In our opinion the financial statements:


give a true and fair view of the state of the Company's affairs as at 31 March 2025 and of its profit for the period then ended;
have been properly prepared in accordance with United Kingdom Generally Accepted Accounting Practice; and
have been prepared in accordance with the requirements of the Companies Act 2006.


Basis for opinion


We conducted our audit in accordance with International Standards on Auditing (UK) (ISAs (UK)) and applicable law. Our responsibilities under those standards are further described in the Auditor's responsibilities for the audit of the financial statements section of our report. We are independent of the Company in accordance with the ethical requirements that are relevant to our audit of the financial statements in the United Kingdom, including the Financial Reporting Council's Ethical Standard and we have fulfilled our other ethical responsibilities in accordance with these requirements. We believe that the audit evidence we have obtained is sufficient and appropriate to provide a basis for our opinion.


Conclusions relating to going concern


In auditing the financial statements, we have concluded that the directors' use of the going concern basis of accounting in the preparation of the financial statements is appropriate.


Based on the work we have performed, we have not identified any material uncertainties relating to events or conditions that, individually or collectively, may cast significant doubt on the Company's ability to continue as a going concern for a period of at least twelve months from when the financial statements are authorised for issue.

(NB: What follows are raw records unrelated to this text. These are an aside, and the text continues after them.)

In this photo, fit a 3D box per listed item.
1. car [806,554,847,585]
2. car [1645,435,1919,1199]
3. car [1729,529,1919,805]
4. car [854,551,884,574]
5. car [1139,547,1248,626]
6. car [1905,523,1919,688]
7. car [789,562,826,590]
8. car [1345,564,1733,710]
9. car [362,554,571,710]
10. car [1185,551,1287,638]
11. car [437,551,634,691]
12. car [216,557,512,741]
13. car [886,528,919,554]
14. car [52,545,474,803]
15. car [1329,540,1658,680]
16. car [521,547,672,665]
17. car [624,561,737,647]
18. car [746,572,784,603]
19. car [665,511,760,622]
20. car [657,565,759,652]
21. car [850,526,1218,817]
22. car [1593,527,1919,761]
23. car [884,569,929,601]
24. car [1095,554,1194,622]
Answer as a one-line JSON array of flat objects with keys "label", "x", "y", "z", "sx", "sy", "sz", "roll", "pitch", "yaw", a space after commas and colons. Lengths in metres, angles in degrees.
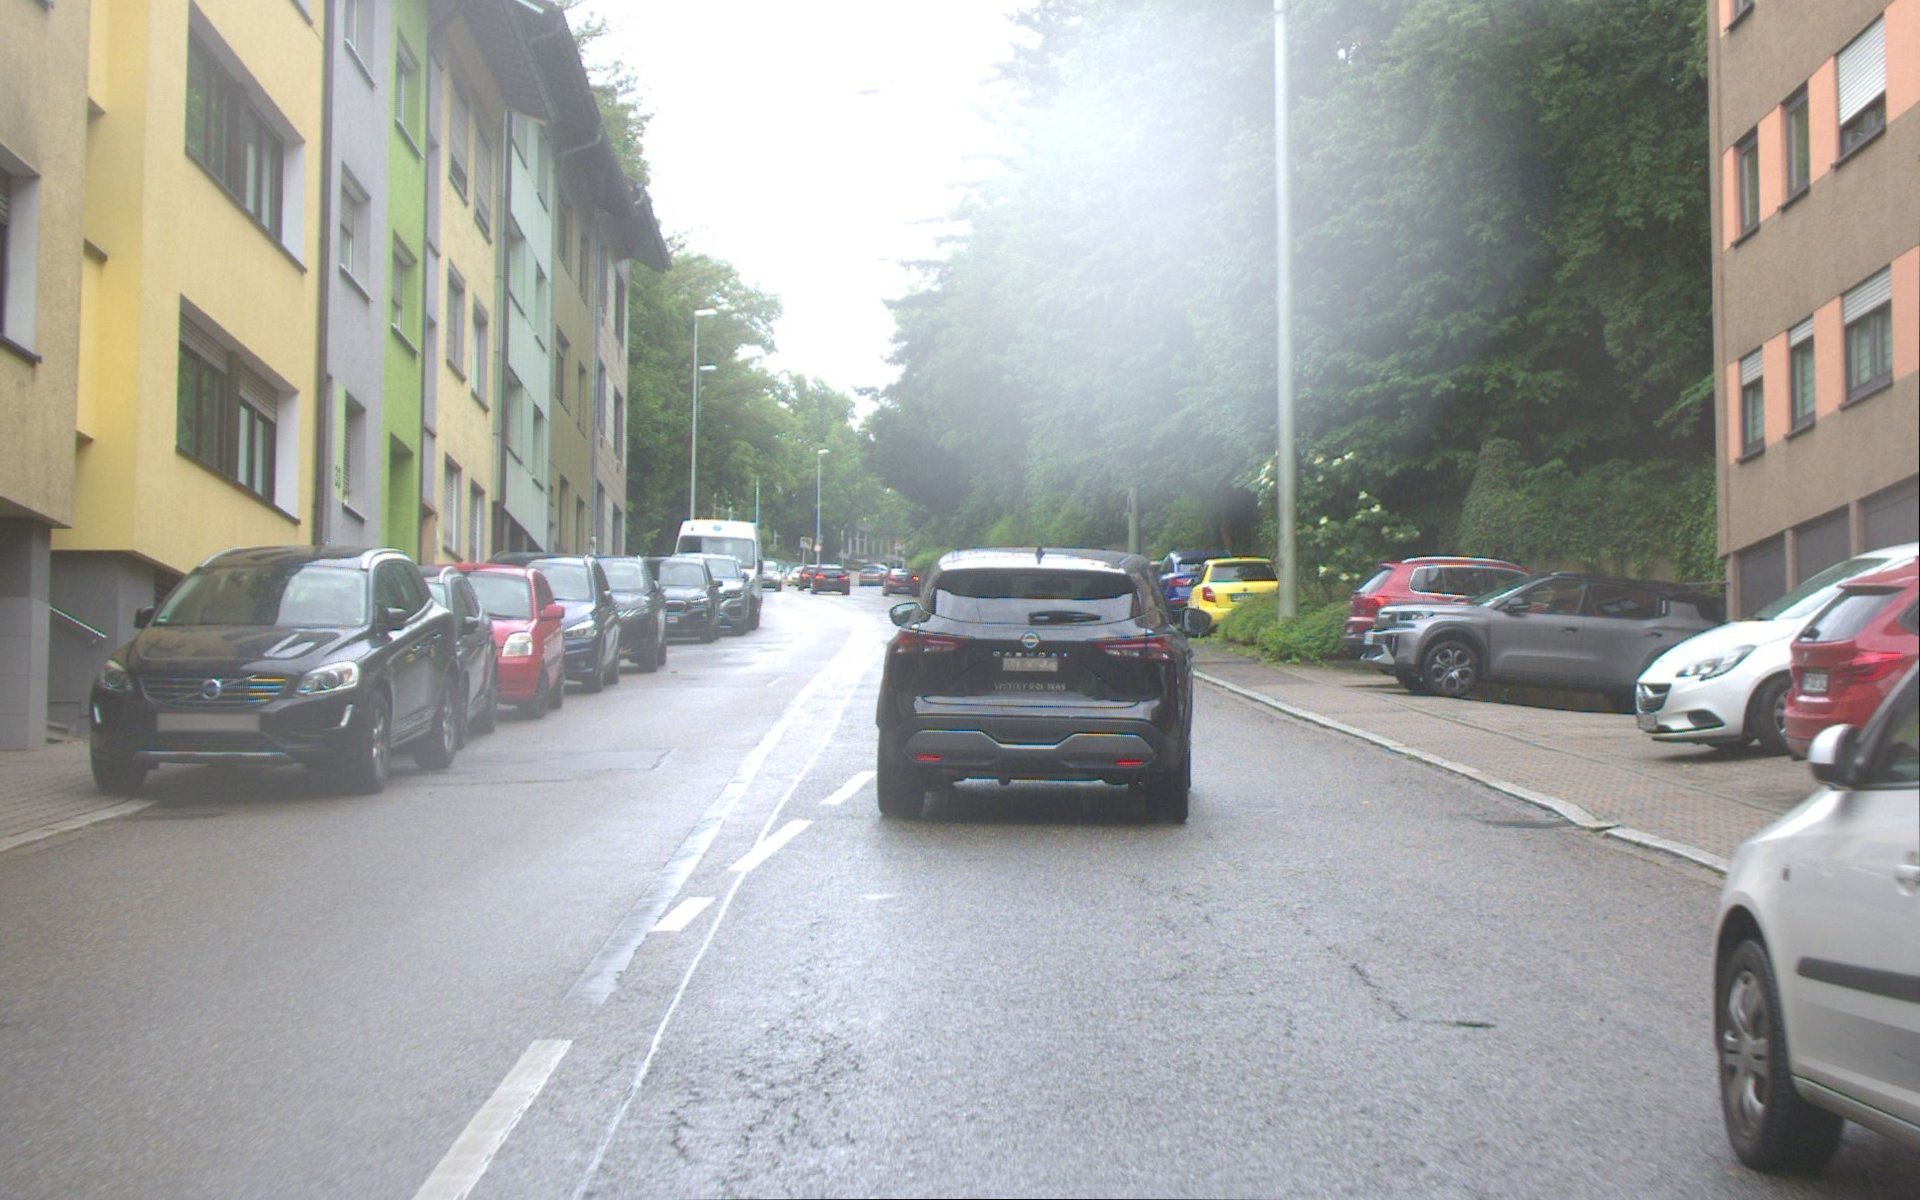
[{"label": "car", "x": -6.831, "y": -1.557, "z": 175.819, "sx": 2.074, "sy": 1.554, "sz": 4.000, "roll": 1, "pitch": 1, "yaw": -3}, {"label": "car", "x": 2.776, "y": 0.560, "z": 7.289, "sx": 1.640, "sy": 1.756, "sz": 4.001, "roll": 2, "pitch": 1, "yaw": -2}, {"label": "car", "x": 7.284, "y": 0.207, "z": 21.540, "sx": 4.341, "sy": 1.524, "sz": 1.877, "roll": -7, "pitch": 1, "yaw": -2}, {"label": "car", "x": -6.629, "y": -2.738, "z": 250.319, "sx": 1.993, "sy": 1.554, "sz": 4.000, "roll": -1, "pitch": -1, "yaw": 1}, {"label": "car", "x": 4.795, "y": -0.295, "z": 71.092, "sx": 1.811, "sy": 1.525, "sz": 4.417, "roll": -2, "pitch": 1, "yaw": -2}, {"label": "car", "x": 7.461, "y": 0.235, "z": 19.019, "sx": 3.826, "sy": 1.696, "sz": 1.729, "roll": -6, "pitch": 1, "yaw": -2}, {"label": "car", "x": -8.774, "y": -1.411, "z": 197.683, "sx": 2.074, "sy": 1.554, "sz": 4.000, "roll": 1, "pitch": 1, "yaw": -2}, {"label": "car", "x": 6.840, "y": 0.425, "z": 40.888, "sx": 4.197, "sy": 1.491, "sz": 1.760, "roll": 3, "pitch": 1, "yaw": -3}, {"label": "car", "x": -4.902, "y": 0.283, "z": 34.527, "sx": 1.728, "sy": 1.467, "sz": 3.491, "roll": 0, "pitch": 1, "yaw": -2}, {"label": "car", "x": 5.121, "y": -0.127, "z": 64.131, "sx": 1.633, "sy": 1.525, "sz": 4.000, "roll": 2, "pitch": 1, "yaw": 1}, {"label": "car", "x": -5.041, "y": 0.207, "z": 41.356, "sx": 1.993, "sy": 1.579, "sz": 4.472, "roll": 0, "pitch": 1, "yaw": -2}, {"label": "car", "x": -5.126, "y": 0.369, "z": 30.106, "sx": 1.993, "sy": 1.467, "sz": 4.349, "roll": 0, "pitch": 1, "yaw": -2}, {"label": "car", "x": -3.761, "y": -3.825, "z": 224.036, "sx": 1.993, "sy": 1.554, "sz": 4.000, "roll": -1, "pitch": -1, "yaw": 1}, {"label": "car", "x": -4.778, "y": 0.437, "z": 24.239, "sx": 1.993, "sy": 1.644, "sz": 4.441, "roll": 0, "pitch": 1, "yaw": 1}, {"label": "car", "x": 7.485, "y": 0.132, "z": 48.452, "sx": 4.197, "sy": 1.729, "sz": 1.760, "roll": 3, "pitch": 0, "yaw": -5}, {"label": "car", "x": -5.096, "y": 0.052, "z": 48.654, "sx": 1.853, "sy": 1.579, "sz": 4.305, "roll": 0, "pitch": 1, "yaw": -2}, {"label": "car", "x": -5.365, "y": 0.048, "z": 66.365, "sx": 1.990, "sy": 1.579, "sz": 4.305, "roll": 0, "pitch": 1, "yaw": -2}, {"label": "car", "x": -10.554, "y": -0.673, "z": 186.305, "sx": 1.993, "sy": 1.554, "sz": 4.001, "roll": 2, "pitch": 1, "yaw": -3}, {"label": "car", "x": -5.659, "y": -0.797, "z": 79.183, "sx": 1.990, "sy": 2.466, "sz": 5.785, "roll": 0, "pitch": 1, "yaw": -2}, {"label": "car", "x": -5.275, "y": 0.149, "z": 72.375, "sx": 1.990, "sy": 1.749, "sz": 4.480, "roll": 0, "pitch": 1, "yaw": -2}, {"label": "car", "x": 0.371, "y": 0.354, "z": 21.090, "sx": 1.993, "sy": 1.554, "sz": 4.000, "roll": 2, "pitch": 1, "yaw": -1}, {"label": "car", "x": 7.081, "y": 0.247, "z": 26.375, "sx": 3.961, "sy": 1.524, "sz": 1.693, "roll": -5, "pitch": 1, "yaw": -5}, {"label": "car", "x": -2.787, "y": -0.771, "z": 177.144, "sx": 2.074, "sy": 1.554, "sz": 4.001, "roll": 1, "pitch": 1, "yaw": -4}, {"label": "car", "x": 4.353, "y": -0.301, "z": 81.532, "sx": 1.810, "sy": 1.525, "sz": 4.418, "roll": -2, "pitch": 1, "yaw": -3}]

Our responsibilities and the responsibilities of the directors with respect to going concern are described in the relevant sections of this report.


Other information


The other information comprises the information included in the Annual Report other than the financial statements and our Auditor's Report thereon. The directors are responsible for the other information contained within the Annual ReportOur opinion on the financial statements does not cover the other information and, except to the extent otherwise explicitly stated in our report, we do not express any form of assurance conclusion thereon. Our responsibility is to read the other information and, in doing so, consider whether the other information is materially inconsistent with the financial statements or our knowledge obtained in the course of the audit, or otherwise appears to be materially misstated. If we identify such material inconsistencies or apparent material misstatements, we are required to determine whether this gives rise to a material misstatement in the financial statements themselves. If, based on the work we have performed, we conclude that there is a material misstatement of this other information, we are required to report that fact.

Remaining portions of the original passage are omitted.